Located on Brick Lane, Fika is a great place for a coffee, 3-course meal or after-work cocktail. The exterior of Fika makes it stand out from its more shabby, less-chic neighbours on Brick Lane.

The interior décor is Swedish log cabin meets Shoreditch pop-up gallery. Among other things a vintage typewriter, a set of binoculars and an old tanned-leather suitcase adorn the exposed brick walls. My personal favourite was the faux-grass aardvark drinking from a tea cup on the wall to my left – wonderfully random.

The service echoed the décor – subtle but not overbearing. Our waitress (Swedish, of course) was stylish and softly-spoken. After being seated we were handed a rolled up map of ‘New Penzance Island’ and whilst unsure at first (and half expecting a cup of broken Crayola to follow) the scroll worked well for their playful menu.

The menu was reasonably priced with a 3 course meal consisting of the most expensive of each dish coming in at £26. Here’s what we ate:


Tomato Kingdom

Heirloom tomato carpaccio, pickled wild mushroom and popcorn £6

Darjeeling Gravad Lax

Home cured salmon with Darjeeling jelly £6


Pitch Perfect Meatballs

Swedish meatballs, apple cider sauce and lingonberry jam £10.20

The Expedition

Bed of greens with poached salmon, crayfish and tiger prawns £11.90



Swedish sticky chocolate cake £4.60

Peanut butter and Jelly Sandwich

Toasty, grilled heaven £4.60

The Tomato Kingdom was light and fresh (although the popcorn seemed unnecessary). The Darjeeling Gravad Lax was a novel idea but neither my dining partner nor I were able to discern any hint of Darjeeling in the jelly. This was probably the most disappointing part of the meal – served with an undressed salad and 2 slices of French baguette it somewhat lacked the finesse of the other dishes.

The ‘Pitch Perfect Meatballs’ were certainly pitch perfect – small, perfectly formed and delicious they came with sweet, meaty gravy and some skin-on mash. The Expedition salad had a fantastic set of ingredients – tiger prawns, pea shoots, brined crayfish tails, poached salmon, round lettuce, green beans and wild rocket but rather like the Gravad Lax lacked cohesiveness and needed some kind of dressing to bring it together.

NOW FOR THE BEST BITS. The Kladdkaka (Swedish sticky chocolate cake) was presented in a beautiful rose shape, had great depth of flavour and was even more gooey on the inside than the chocolate pudding in the ‘not just a chocolate pudding’ M&S campaign – so pretty oozy. The highlight for me, however, was the Peanut Butter Jelly Sandwich (maybe she should have take the crayons you silently judge). The PBJ sandwich really was hot, sweet, slightly salted, crunchy and perfectly balanced grilled (as in fried) sandwich perfection. This is something I will definitely try to recreate at home but I would strongly recommend a pilgrimage to Fika first, to truly realize the potential of the humble PBJ.
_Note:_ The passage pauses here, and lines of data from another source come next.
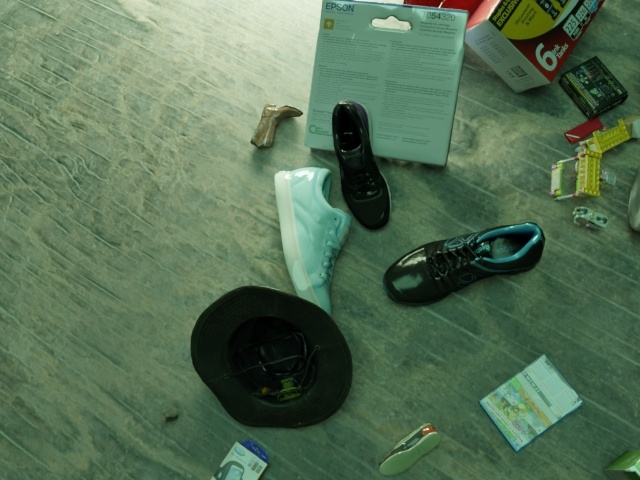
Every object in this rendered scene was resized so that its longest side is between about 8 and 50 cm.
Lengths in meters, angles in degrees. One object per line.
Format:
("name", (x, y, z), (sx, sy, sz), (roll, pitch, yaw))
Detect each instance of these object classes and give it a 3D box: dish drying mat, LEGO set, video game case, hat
("dish drying mat", (0.583, -0.244, 1.523), (0.083, 0.008, 0.032), (-28, 69, -2))
("LEGO set", (0.577, -0.166, 1.470), (0.132, 0.107, 0.287), (33, 71, -18))
("video game case", (0.414, 0.318, 1.355), (0.166, 0.015, 0.119), (-34, 71, -4))
("hat", (-0.088, 0.211, 1.373), (0.331, 0.134, 0.331), (2, 115, 5))

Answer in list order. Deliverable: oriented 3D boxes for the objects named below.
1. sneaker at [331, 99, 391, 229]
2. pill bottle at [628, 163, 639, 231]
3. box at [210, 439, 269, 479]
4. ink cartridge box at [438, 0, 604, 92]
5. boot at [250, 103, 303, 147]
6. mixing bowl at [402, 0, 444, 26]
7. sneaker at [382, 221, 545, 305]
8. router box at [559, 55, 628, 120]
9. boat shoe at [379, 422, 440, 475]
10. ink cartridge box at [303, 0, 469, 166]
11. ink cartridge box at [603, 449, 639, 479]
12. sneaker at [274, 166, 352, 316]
("sneaker", (0.074, -0.156, 1.466), (0.107, 0.124, 0.283), (-15, 94, 14))
("pill bottle", (0.772, -0.074, 1.363), (0.272, 0.152, 0.152), (9, 73, 11))
("box", (-0.165, 0.470, 1.380), (0.081, 0.028, 0.136), (31, 80, 17))
("ink cartridge box", (0.455, -0.536, 1.511), (0.272, 0.130, 0.309), (38, 79, -16))
("boot", (-0.103, -0.262, 1.611), (0.106, 0.037, 0.114), (10, 70, 25))
("mixing bowl", (0.284, -0.525, 1.612), (0.181, 0.098, 0.182), (-3, 70, 7))
("sneaker", (0.288, 0.033, 1.403), (0.340, 0.140, 0.125), (-19, 72, 3))
("router box", (0.607, -0.340, 1.533), (0.092, 0.038, 0.122), (-28, 68, -6))
("boat shoe", (0.170, 0.408, 1.346), (0.137, 0.049, 0.043), (-35, 28, -2))
("ink cartridge box", (0.143, -0.348, 1.520), (0.324, 0.071, 0.330), (10, 100, 12))
("ink cartridge box", (0.575, 0.425, 1.192), (0.062, 0.209, 0.109), (-35, 71, -4))
("sneaker", (0.000, 0.000, 1.458), (0.150, 0.135, 0.366), (-14, 71, 7))
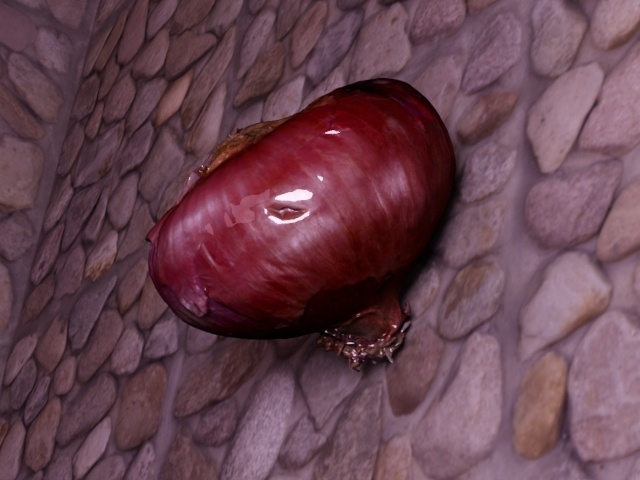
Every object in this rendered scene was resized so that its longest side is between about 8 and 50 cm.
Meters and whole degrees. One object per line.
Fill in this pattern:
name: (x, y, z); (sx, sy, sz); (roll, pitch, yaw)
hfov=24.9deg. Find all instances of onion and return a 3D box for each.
onion: (0.000, 0.000, 1.477); (0.347, 0.285, 0.347); (-31, 1, 1)
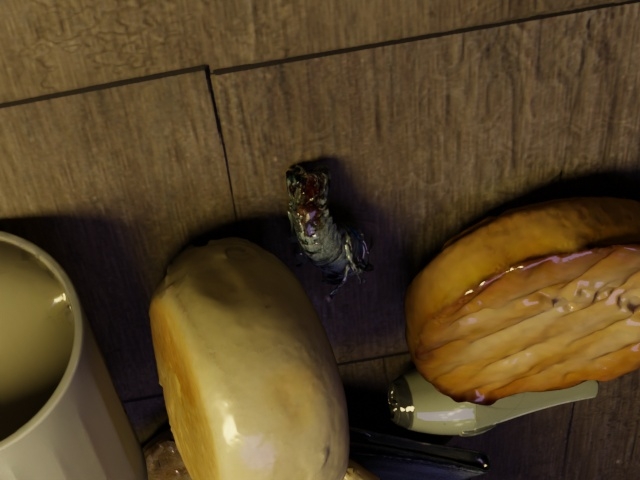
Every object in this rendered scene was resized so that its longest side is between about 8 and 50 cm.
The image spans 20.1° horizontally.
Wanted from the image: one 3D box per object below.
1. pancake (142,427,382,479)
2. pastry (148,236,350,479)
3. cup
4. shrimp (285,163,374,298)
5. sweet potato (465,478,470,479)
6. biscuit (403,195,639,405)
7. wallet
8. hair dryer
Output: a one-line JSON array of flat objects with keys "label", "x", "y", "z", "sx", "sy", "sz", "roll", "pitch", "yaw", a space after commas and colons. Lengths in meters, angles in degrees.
[{"label": "pancake", "x": -0.039, "y": 0.337, "z": 1.900, "sx": 0.387, "sy": 0.082, "sz": 0.387, "roll": 19, "pitch": 131, "yaw": 24}, {"label": "pastry", "x": -0.067, "y": 0.128, "z": 1.607, "sx": 0.133, "sy": 0.265, "sz": 0.265, "roll": -19, "pitch": 149, "yaw": -18}, {"label": "cup", "x": -0.333, "y": 0.171, "z": 1.612, "sx": 0.322, "sy": 0.237, "sz": 0.327, "roll": 3, "pitch": 148, "yaw": 7}, {"label": "shrimp", "x": -0.001, "y": 0.003, "z": 1.605, "sx": 0.082, "sy": 0.076, "sz": 0.174, "roll": 2, "pitch": 151, "yaw": 19}, {"label": "sweet potato", "x": 0.130, "y": 0.332, "z": 2.152, "sx": 0.078, "sy": 0.058, "sz": 0.255, "roll": 18, "pitch": 141, "yaw": -14}, {"label": "biscuit", "x": 0.219, "y": 0.052, "z": 1.723, "sx": 0.296, "sy": 0.102, "sz": 0.296, "roll": -10, "pitch": 150, "yaw": -6}, {"label": "wallet", "x": 0.049, "y": 0.235, "z": 1.935, "sx": 0.222, "sy": 0.036, "sz": 0.167, "roll": 12, "pitch": 159, "yaw": -22}, {"label": "hair dryer", "x": 0.190, "y": 0.177, "z": 1.924, "sx": 0.219, "sy": 0.088, "sz": 0.225, "roll": -12, "pitch": 157, "yaw": 6}]
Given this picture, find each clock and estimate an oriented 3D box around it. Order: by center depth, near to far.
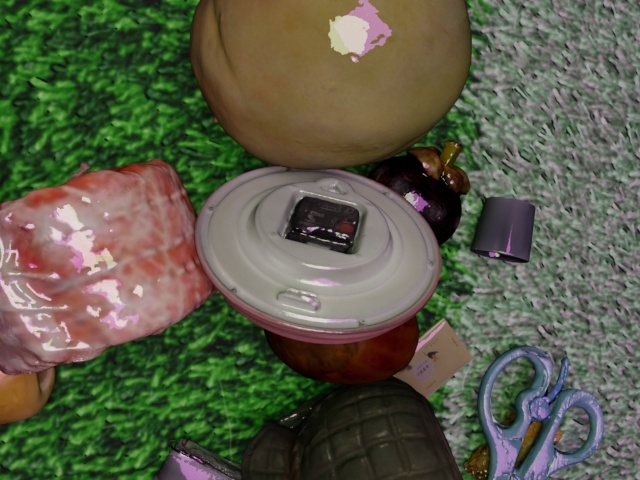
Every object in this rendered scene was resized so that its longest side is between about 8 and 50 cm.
[{"bbox_3d":[0.000,-0.001,0.532,0.244,0.244,0.056,-1,131,-14],"label":"clock"}]

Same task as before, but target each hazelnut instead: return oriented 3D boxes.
[{"bbox_3d":[0.025,0.081,0.627,0.178,0.204,0.178,-17,118,-37],"label":"hazelnut"}]

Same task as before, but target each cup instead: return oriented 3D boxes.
[{"bbox_3d":[0.261,-0.012,0.748,0.100,0.078,0.077,20,82,-48],"label":"cup"}]

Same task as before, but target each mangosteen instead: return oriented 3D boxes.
[{"bbox_3d":[0.124,-0.060,0.668,0.137,0.137,0.151,34,107,-14],"label":"mangosteen"}]

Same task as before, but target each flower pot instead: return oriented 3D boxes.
[{"bbox_3d":[0.061,0.303,0.613,0.213,0.302,0.302,-24,99,4],"label":"flower pot"}]

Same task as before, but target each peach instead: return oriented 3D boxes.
[{"bbox_3d":[0.010,-0.201,0.562,0.292,0.292,0.247,13,114,-15],"label":"peach"}]

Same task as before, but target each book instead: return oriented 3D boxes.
[{"bbox_3d":[0.153,0.172,0.753,0.111,0.014,0.077,-38,101,-10],"label":"book"}]

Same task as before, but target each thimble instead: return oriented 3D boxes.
[{"bbox_3d":[-0.231,0.019,0.537,0.239,0.239,0.162,-21,97,-13],"label":"thimble"}]

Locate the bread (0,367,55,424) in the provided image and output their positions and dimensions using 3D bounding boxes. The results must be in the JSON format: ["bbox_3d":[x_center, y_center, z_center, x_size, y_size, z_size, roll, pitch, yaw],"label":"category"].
[{"bbox_3d":[-0.450,0.138,0.560,0.305,0.091,0.142,-2,99,-14],"label":"bread"}]

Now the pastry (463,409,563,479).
[{"bbox_3d":[0.278,0.300,0.771,0.080,0.056,0.140,44,84,-1],"label":"pastry"}]

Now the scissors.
[{"bbox_3d":[0.246,0.327,0.718,0.180,0.032,0.393,32,77,5],"label":"scissors"}]

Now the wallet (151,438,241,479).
[{"bbox_3d":[-0.169,0.377,0.654,0.170,0.069,0.231,33,85,-9],"label":"wallet"}]

One thing that must be said for FIKA is that its ingredients were impeccable. Every dish tasted fresh and exciting. The portion sizes were perfect – filling but leaving me wanting slightly more – so avoided the ‘I need to be rolled out of here’ feeling.

Fika offers some fun but well-made cocktails, as well as a variety of Swedish beers, Swedish ciders, Akvovit and Snaps. On the non-alcoholic side there are some creative home made ice-teas and a great selection of teas and coffee. We both ordered from the cocktail menu – my friend ordered the ‘Zissou Negroni’ which he described as very well balanced with all Vermouth, Gin and Campari easily discernable. I couldn’t help but to choose the ‘When I Kissed the Teacher’ cocktail – made from milk, Absolut Vanilla and gingerbread snaps. It was delicious, best described as an alcoholic and chilled version of Starbucks’ Christmas Gingernut Latte (yes, I’m feeling slightly embarrassed right now).

Fika doesn’t take itself too seriously whilst delivering sophisticated food in an intimate yet playful surrounding with great service. The restaurant is open for breakfast (on the weekend), lunch and dinner and will give you a wonderful introduction to some traditional and contemporary Swedish dishes.